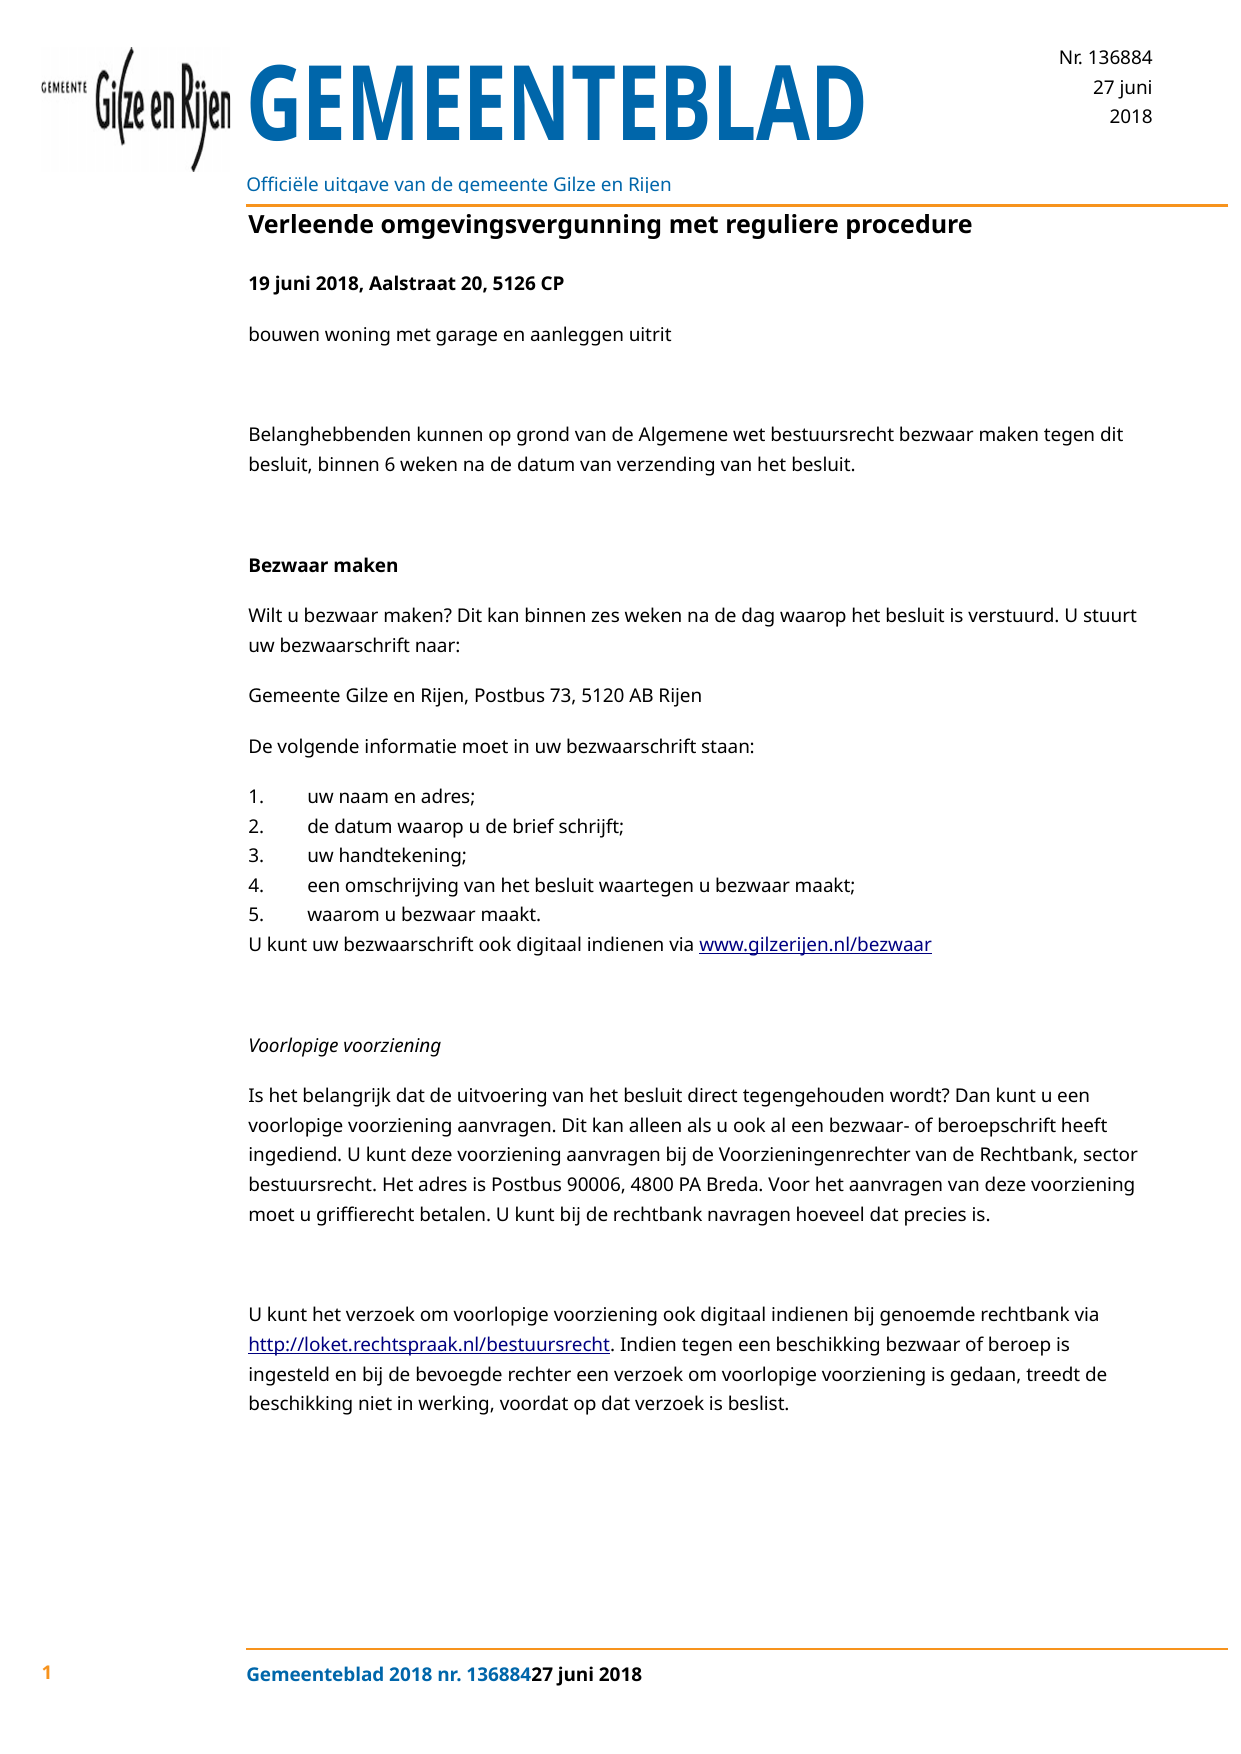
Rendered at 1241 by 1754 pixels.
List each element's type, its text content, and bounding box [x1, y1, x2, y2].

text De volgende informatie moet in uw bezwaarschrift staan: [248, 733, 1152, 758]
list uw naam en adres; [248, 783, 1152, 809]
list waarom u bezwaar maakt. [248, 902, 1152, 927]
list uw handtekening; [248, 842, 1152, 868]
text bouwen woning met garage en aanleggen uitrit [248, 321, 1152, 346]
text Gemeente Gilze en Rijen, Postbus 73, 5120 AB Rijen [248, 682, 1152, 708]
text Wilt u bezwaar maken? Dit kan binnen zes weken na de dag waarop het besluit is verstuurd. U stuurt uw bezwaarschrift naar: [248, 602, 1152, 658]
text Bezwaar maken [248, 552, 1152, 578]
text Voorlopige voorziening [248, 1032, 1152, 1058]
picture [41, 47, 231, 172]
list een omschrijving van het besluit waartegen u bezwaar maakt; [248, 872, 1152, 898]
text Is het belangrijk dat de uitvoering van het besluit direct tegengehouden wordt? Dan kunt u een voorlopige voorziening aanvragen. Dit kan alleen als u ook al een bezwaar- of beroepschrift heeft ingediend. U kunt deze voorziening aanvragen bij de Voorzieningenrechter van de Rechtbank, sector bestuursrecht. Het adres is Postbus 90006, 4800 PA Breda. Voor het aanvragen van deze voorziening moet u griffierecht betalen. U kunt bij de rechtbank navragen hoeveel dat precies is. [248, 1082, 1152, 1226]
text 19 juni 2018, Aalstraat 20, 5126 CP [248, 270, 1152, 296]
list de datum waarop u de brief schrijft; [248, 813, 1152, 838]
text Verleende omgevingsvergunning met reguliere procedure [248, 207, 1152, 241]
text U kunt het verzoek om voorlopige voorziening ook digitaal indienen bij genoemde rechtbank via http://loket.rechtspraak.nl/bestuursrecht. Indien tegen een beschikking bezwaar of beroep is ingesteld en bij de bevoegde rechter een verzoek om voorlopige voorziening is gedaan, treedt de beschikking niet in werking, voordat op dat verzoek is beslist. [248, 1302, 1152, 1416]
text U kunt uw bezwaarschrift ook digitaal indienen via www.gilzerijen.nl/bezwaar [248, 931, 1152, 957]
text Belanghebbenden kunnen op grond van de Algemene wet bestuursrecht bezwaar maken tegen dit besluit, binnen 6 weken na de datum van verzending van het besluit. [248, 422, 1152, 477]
● ● ● ● ● ● ●
• _AIM OF THE TASK_
Return all entries preceding this task exactly as they stand, leaving any picture out.

• _SOLUTION FOR THIS EXERCISE_
Rendered at 1241 by 1754 pixels.
List each element's type, its text content, and bounding box [x1, y1, x2, y2].

text De volgende informatie moet in uw bezwaarschrift staan: [248, 733, 1152, 758]
list uw naam en adres; [248, 783, 1152, 809]
list waarom u bezwaar maakt. [248, 902, 1152, 927]
list uw handtekening; [248, 842, 1152, 868]
text bouwen woning met garage en aanleggen uitrit [248, 321, 1152, 346]
text Gemeente Gilze en Rijen, Postbus 73, 5120 AB Rijen [248, 682, 1152, 708]
text Wilt u bezwaar maken? Dit kan binnen zes weken na de dag waarop het besluit is verstuurd. U stuurt uw bezwaarschrift naar: [248, 602, 1152, 658]
text Bezwaar maken [248, 552, 1152, 578]
text Voorlopige voorziening [248, 1032, 1152, 1058]
picture [41, 47, 231, 172]
list een omschrijving van het besluit waartegen u bezwaar maakt; [248, 872, 1152, 898]
text Is het belangrijk dat de uitvoering van het besluit direct tegengehouden wordt? Dan kunt u een voorlopige voorziening aanvragen. Dit kan alleen als u ook al een bezwaar- of beroepschrift heeft ingediend. U kunt deze voorziening aanvragen bij de Voorzieningenrechter van de Rechtbank, sector bestuursrecht. Het adres is Postbus 90006, 4800 PA Breda. Voor het aanvragen van deze voorziening moet u griffierecht betalen. U kunt bij de rechtbank navragen hoeveel dat precies is. [248, 1082, 1152, 1226]
text 19 juni 2018, Aalstraat 20, 5126 CP [248, 270, 1152, 296]
list de datum waarop u de brief schrijft; [248, 813, 1152, 838]
text Verleende omgevingsvergunning met reguliere procedure [248, 207, 1152, 241]
text U kunt het verzoek om voorlopige voorziening ook digitaal indienen bij genoemde rechtbank via http://loket.rechtspraak.nl/bestuursrecht. Indien tegen een beschikking bezwaar of beroep is ingesteld en bij de bevoegde rechter een verzoek om voorlopige voorziening is gedaan, treedt de beschikking niet in werking, voordat op dat verzoek is beslist. [248, 1302, 1152, 1416]
text U kunt uw bezwaarschrift ook digitaal indienen via www.gilzerijen.nl/bezwaar [248, 931, 1152, 957]
text Belanghebbenden kunnen op grond van de Algemene wet bestuursrecht bezwaar maken tegen dit besluit, binnen 6 weken na de datum van verzending van het besluit. [248, 422, 1152, 477]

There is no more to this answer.